Top of GIVEN DATA
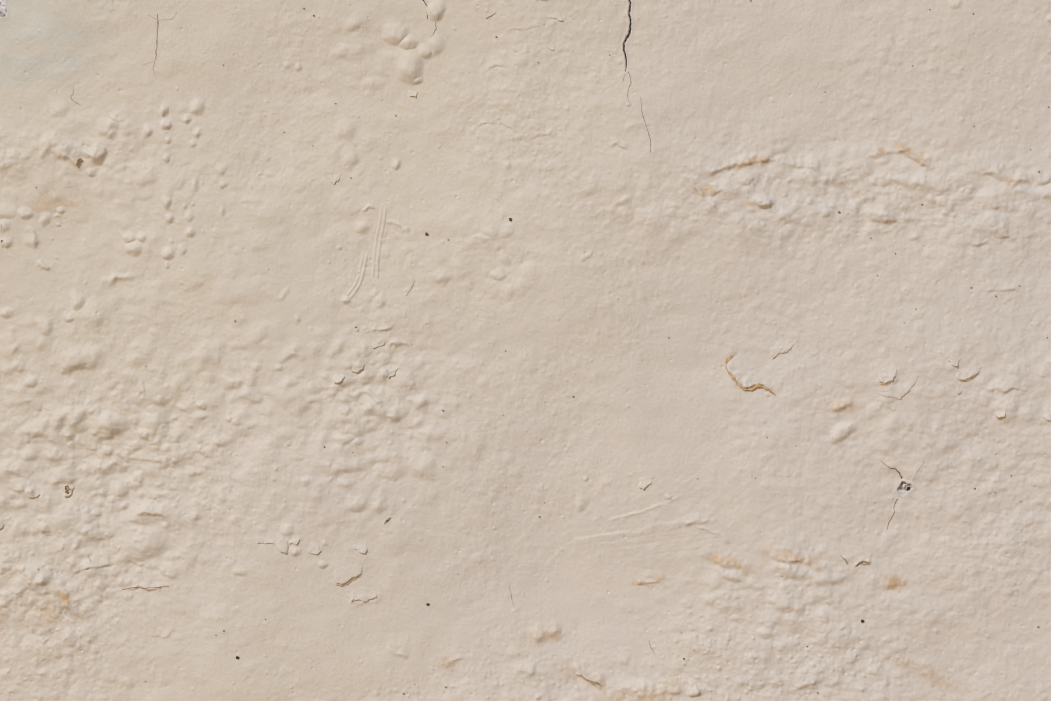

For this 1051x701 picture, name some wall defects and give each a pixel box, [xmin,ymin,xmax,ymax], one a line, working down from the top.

crack [623,0,651,153]
peeling [725,354,774,394]
crack [881,461,927,529]
peeling [333,541,378,602]
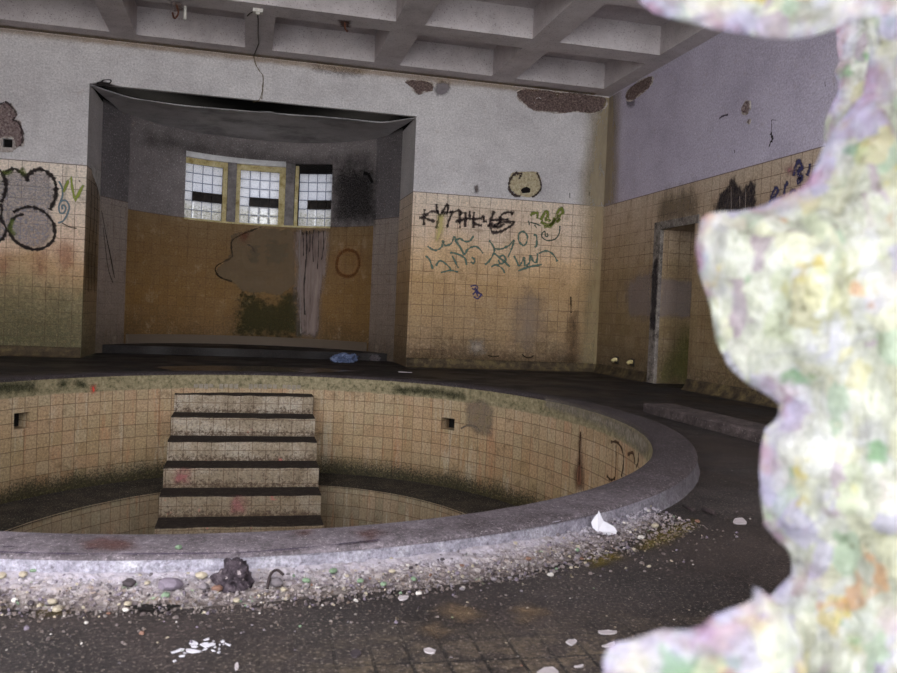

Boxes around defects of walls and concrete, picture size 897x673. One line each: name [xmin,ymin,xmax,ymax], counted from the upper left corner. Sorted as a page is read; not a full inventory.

flaking render [0,101,24,153]
spalling [93,79,415,131]
flaking render [405,79,449,95]
flaking render [516,88,608,114]
flaking render [625,76,654,107]
damp [332,168,375,224]
damp [294,230,328,337]
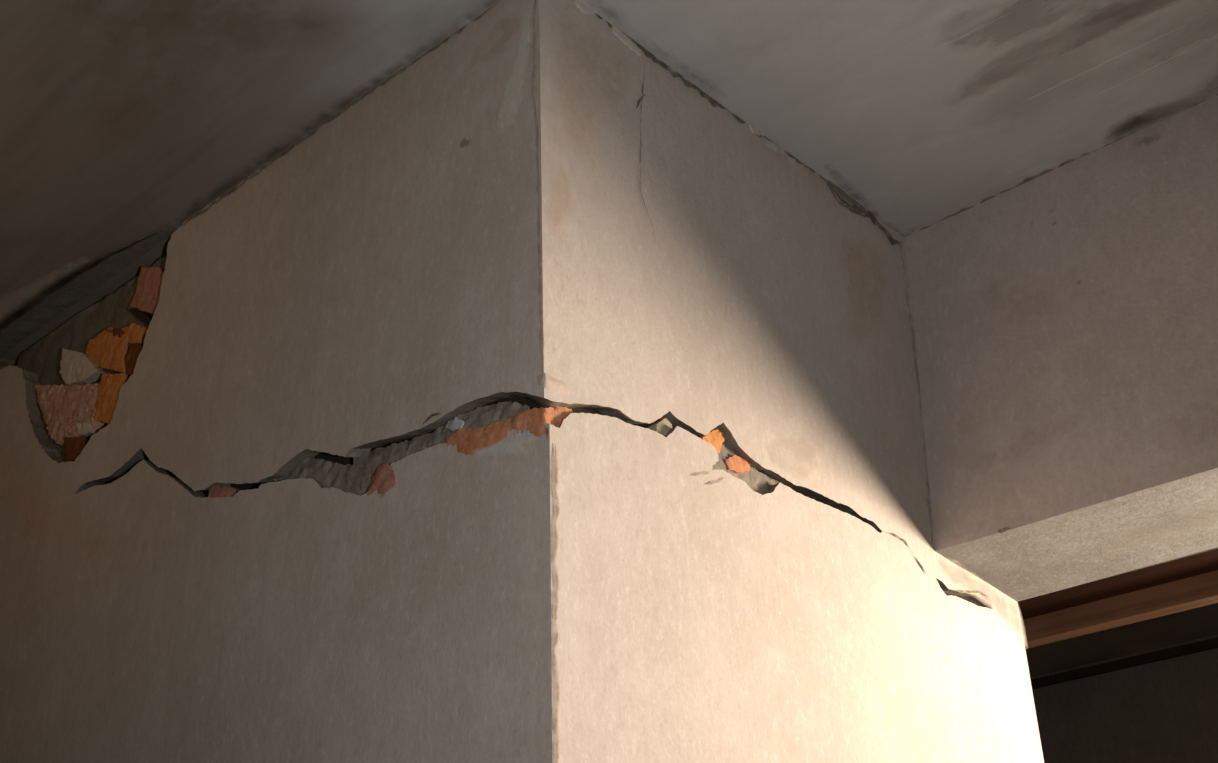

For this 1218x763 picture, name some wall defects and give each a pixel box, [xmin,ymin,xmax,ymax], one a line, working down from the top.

crack [0,0,501,369]
crack [576,0,1218,259]
water stain [957,0,1176,96]
water stain [0,259,86,320]
flaking render [17,255,167,462]
crack [148,0,603,763]
crack [632,417,798,495]
crack [883,458,1025,642]
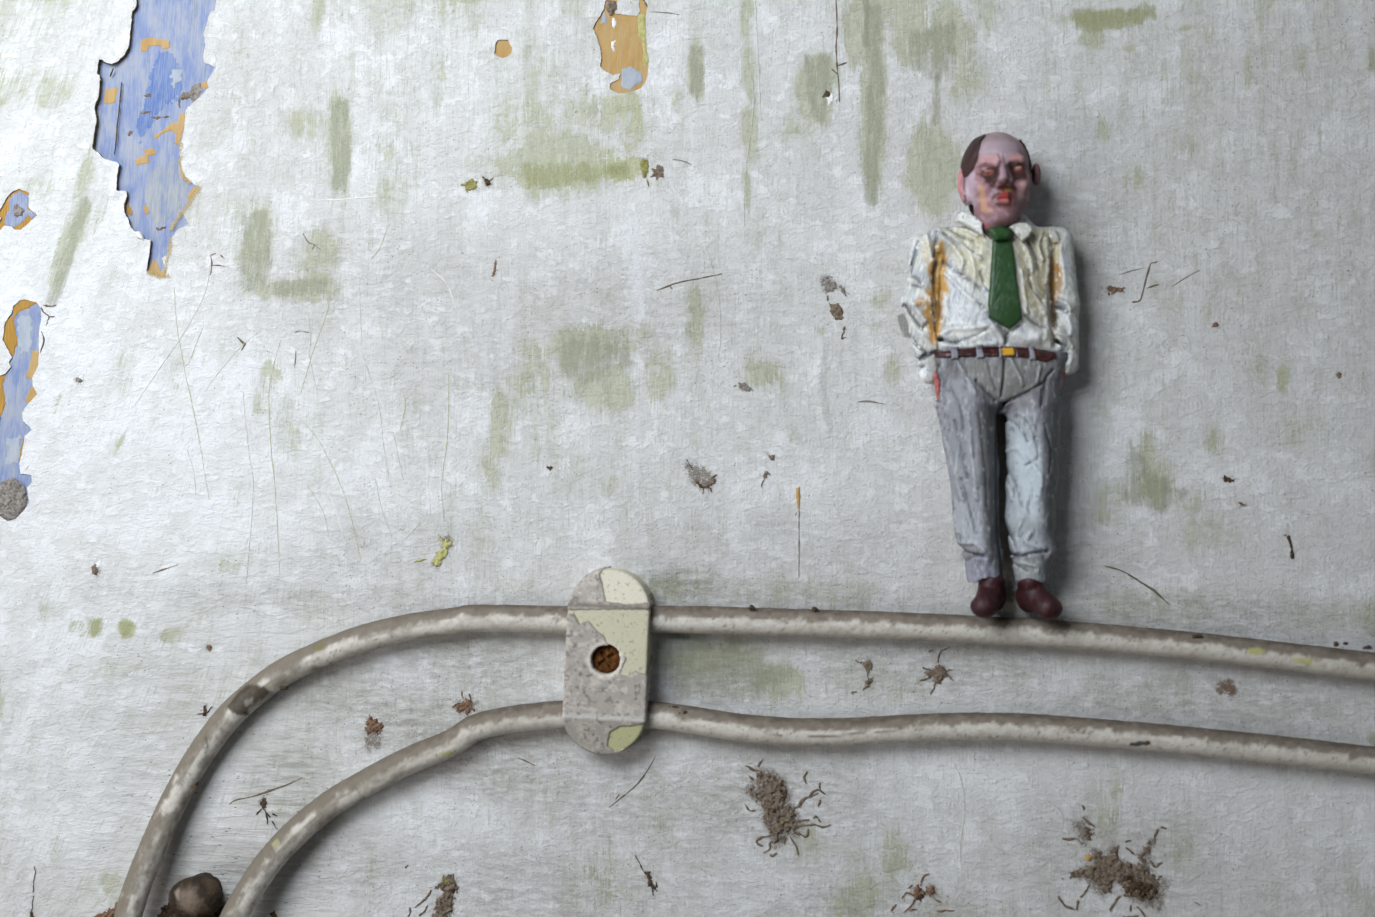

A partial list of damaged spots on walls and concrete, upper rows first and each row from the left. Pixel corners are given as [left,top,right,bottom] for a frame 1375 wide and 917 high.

peeling [0,189,37,230]
peeling [94,0,216,279]
peeling [593,0,679,93]
peeling [0,299,56,521]
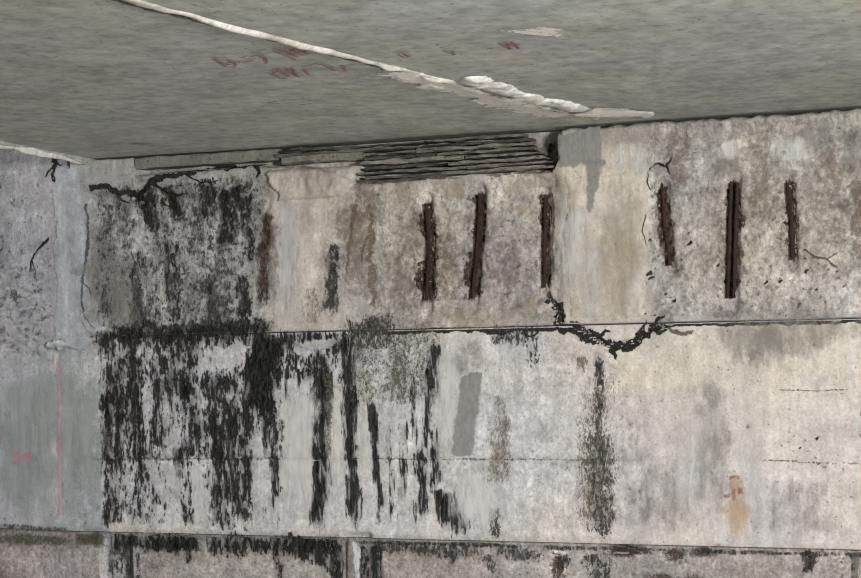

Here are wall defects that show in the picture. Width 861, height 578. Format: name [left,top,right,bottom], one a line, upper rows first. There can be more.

crack [112,0,218,28]
crack [330,55,401,72]
crack [550,193,568,270]
crack [804,249,838,268]
crack [384,292,861,360]
leakage [0,174,861,578]
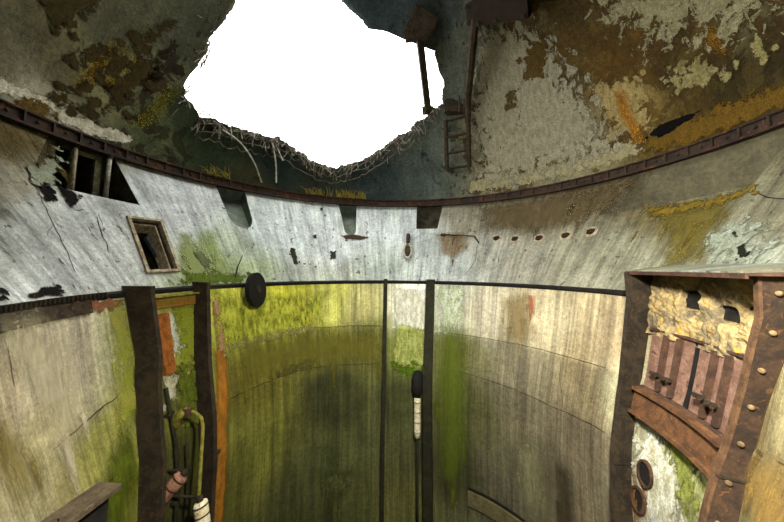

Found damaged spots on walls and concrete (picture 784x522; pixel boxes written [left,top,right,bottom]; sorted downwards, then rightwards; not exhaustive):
Bottom of GIVEN DATA
WHAT IS REQUIRED:
What is needed is an exact copy of only the lines from the line containing "Boxes around defects" through the last line of the entries, inclusive, without the pictures.

TASK ANSWER:
Boxes around defects of walls and concrete, picture size 897x673. One line each: name [xmin,ymin,xmax,ymax], counted from the upper left corner. Sorted as a page is read; not a full inventory.

flaking render [0,101,24,153]
spalling [93,79,415,131]
flaking render [405,79,449,95]
flaking render [516,88,608,114]
flaking render [625,76,654,107]
damp [332,168,375,224]
damp [294,230,328,337]

For this 1218x763 picture, name some wall defects and give each a pixel box, [xmin,ymin,xmax,ymax], one a line, working down from the top.

crack [0,0,501,369]
crack [576,0,1218,259]
water stain [957,0,1176,96]
water stain [0,259,86,320]
flaking render [17,255,167,462]
crack [148,0,603,763]
crack [632,417,798,495]
crack [883,458,1025,642]

A partial list of damaged spots on walls and concrete, upper rows first and each row from the left. Pixel corners are given as [left,top,right,bottom] for a frame 1375 wide and 917 high.

peeling [0,189,37,230]
peeling [94,0,216,279]
peeling [593,0,679,93]
peeling [0,299,56,521]

Here are wall defects that show in the picture. Width 861, height 578. Format: name [left,top,right,bottom], one a line, upper rows first. There can be more.

crack [112,0,218,28]
crack [330,55,401,72]
crack [550,193,568,270]
crack [804,249,838,268]
crack [384,292,861,360]
leakage [0,174,861,578]

Found damaged spots on walls and concrete (picture 784x522; pixel boxes written [left,top,right,bottom]; sorted downwards, then rightwards; not exhaustive):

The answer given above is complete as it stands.